# [About this exercise]
Print the entries once more, unchanged.

# [Data for the task]
*** Block opens ***
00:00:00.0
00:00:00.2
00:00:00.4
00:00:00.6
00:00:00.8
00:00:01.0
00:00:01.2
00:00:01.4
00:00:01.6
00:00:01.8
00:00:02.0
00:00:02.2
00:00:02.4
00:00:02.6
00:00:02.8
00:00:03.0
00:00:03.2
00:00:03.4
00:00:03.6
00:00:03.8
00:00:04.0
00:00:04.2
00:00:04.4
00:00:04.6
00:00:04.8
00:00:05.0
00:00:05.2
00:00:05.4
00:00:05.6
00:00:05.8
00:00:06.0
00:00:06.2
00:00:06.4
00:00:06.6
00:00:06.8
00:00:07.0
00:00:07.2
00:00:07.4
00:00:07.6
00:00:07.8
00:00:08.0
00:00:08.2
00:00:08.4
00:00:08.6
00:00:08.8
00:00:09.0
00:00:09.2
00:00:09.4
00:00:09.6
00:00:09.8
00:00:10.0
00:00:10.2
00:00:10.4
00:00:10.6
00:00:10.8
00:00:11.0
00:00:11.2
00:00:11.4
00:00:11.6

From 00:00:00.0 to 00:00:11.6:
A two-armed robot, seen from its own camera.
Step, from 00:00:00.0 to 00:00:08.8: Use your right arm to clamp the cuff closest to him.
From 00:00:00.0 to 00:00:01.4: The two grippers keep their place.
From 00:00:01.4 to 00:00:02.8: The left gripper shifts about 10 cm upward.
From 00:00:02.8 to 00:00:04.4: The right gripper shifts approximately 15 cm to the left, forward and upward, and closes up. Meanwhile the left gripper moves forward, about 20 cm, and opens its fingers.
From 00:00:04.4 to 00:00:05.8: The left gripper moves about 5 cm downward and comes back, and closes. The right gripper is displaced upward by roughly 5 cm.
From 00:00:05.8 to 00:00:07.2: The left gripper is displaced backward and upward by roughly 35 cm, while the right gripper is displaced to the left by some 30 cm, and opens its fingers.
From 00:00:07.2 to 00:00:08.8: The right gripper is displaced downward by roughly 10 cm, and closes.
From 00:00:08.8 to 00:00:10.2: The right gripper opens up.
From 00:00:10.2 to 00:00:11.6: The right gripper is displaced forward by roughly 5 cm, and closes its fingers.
*** Block closes ***
# [Solution to this problem]
00:00:00.0
00:00:00.2
00:00:00.4
00:00:00.6
00:00:00.8
00:00:01.0
00:00:01.2
00:00:01.4
00:00:01.6
00:00:01.8
00:00:02.0
00:00:02.2
00:00:02.4
00:00:02.6
00:00:02.8
00:00:03.0
00:00:03.2
00:00:03.4
00:00:03.6
00:00:03.8
00:00:04.0
00:00:04.2
00:00:04.4
00:00:04.6
00:00:04.8
00:00:05.0
00:00:05.2
00:00:05.4
00:00:05.6
00:00:05.8
00:00:06.0
00:00:06.2
00:00:06.4
00:00:06.6
00:00:06.8
00:00:07.0
00:00:07.2
00:00:07.4
00:00:07.6
00:00:07.8
00:00:08.0
00:00:08.2
00:00:08.4
00:00:08.6
00:00:08.8
00:00:09.0
00:00:09.2
00:00:09.4
00:00:09.6
00:00:09.8
00:00:10.0
00:00:10.2
00:00:10.4
00:00:10.6
00:00:10.8
00:00:11.0
00:00:11.2
00:00:11.4
00:00:11.6

From 00:00:00.0 to 00:00:11.6:
A two-armed robot, seen from its own camera.
Step, from 00:00:00.0 to 00:00:08.8: Use your right arm to clamp the cuff closest to him.
From 00:00:00.0 to 00:00:01.4: The two grippers keep their place.
From 00:00:01.4 to 00:00:02.8: The left gripper shifts about 10 cm upward.
From 00:00:02.8 to 00:00:04.4: The right gripper shifts approximately 15 cm to the left, forward and upward, and closes up. Meanwhile the left gripper moves forward, about 20 cm, and opens its fingers.
From 00:00:04.4 to 00:00:05.8: The left gripper moves about 5 cm downward and comes back, and closes. The right gripper is displaced upward by roughly 5 cm.
From 00:00:05.8 to 00:00:07.2: The left gripper is displaced backward and upward by roughly 35 cm, while the right gripper is displaced to the left by some 30 cm, and opens its fingers.
From 00:00:07.2 to 00:00:08.8: The right gripper is displaced downward by roughly 10 cm, and closes.
From 00:00:08.8 to 00:00:10.2: The right gripper opens up.
From 00:00:10.2 to 00:00:11.6: The right gripper is displaced forward by roughly 5 cm, and closes its fingers.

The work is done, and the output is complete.